[Extracted records]
......
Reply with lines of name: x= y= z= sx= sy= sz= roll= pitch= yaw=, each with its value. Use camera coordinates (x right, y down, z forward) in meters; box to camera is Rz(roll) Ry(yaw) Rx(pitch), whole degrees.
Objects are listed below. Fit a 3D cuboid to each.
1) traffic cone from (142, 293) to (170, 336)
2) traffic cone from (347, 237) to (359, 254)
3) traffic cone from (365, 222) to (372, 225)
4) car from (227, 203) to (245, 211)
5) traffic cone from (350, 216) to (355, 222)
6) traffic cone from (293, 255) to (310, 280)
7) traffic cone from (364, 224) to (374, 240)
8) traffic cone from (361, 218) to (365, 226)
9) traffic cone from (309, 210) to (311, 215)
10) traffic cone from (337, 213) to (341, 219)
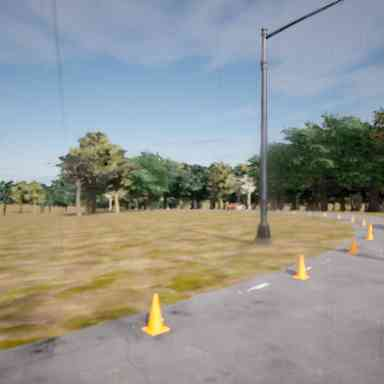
traffic cone: x=-0.586 y=1.943 z=5.402 sx=0.340 sy=0.580 sz=0.340 roll=-1 pitch=0 yaw=-40
traffic cone: x=5.928 y=1.943 z=12.214 sx=0.340 sy=0.580 sz=0.340 roll=0 pitch=-1 yaw=38
traffic cone: x=10.888 y=2.088 z=20.228 sx=0.340 sy=0.580 sz=0.340 roll=0 pitch=-1 yaw=26
car: x=9.363 y=3.123 z=70.715 sx=2.097 sy=1.767 sz=4.553 roll=0 pitch=-2 yaw=-27
traffic cone: x=14.075 y=2.310 z=29.091 sx=0.340 sy=0.580 sz=0.340 roll=0 pitch=-1 yaw=14
traffic cone: x=2.850 y=1.925 z=8.638 sx=0.340 sy=0.580 sz=0.340 roll=0 pitch=0 yaw=44
traffic cone: x=8.618 y=1.998 z=16.091 sx=0.340 sy=0.580 sz=0.340 roll=0 pitch=-1 yaw=32
traffic cone: x=12.714 y=2.199 z=24.577 sx=0.340 sy=0.580 sz=0.340 roll=0 pitch=-1 yaw=20
traffic cone: x=15.260 y=2.677 z=43.138 sx=0.340 sy=0.580 sz=0.340 roll=0 pitch=-2 yaw=-4
traffic cone: x=14.960 y=2.422 z=33.723 sx=0.340 sy=0.580 sz=0.340 roll=0 pitch=-1 yaw=8
......
### ACTIVITY
Proceeding from the line containing "5) traffic cone from (350, 216) to (355, 222)" through the line containing "9) traffic cone from (309, 210) to (311, 215)", transcribe the lines above exactly, both end lines included.

### SOLUTION TO THIS EXERCISE
5) traffic cone from (350, 216) to (355, 222)
6) traffic cone from (293, 255) to (310, 280)
7) traffic cone from (364, 224) to (374, 240)
8) traffic cone from (361, 218) to (365, 226)
9) traffic cone from (309, 210) to (311, 215)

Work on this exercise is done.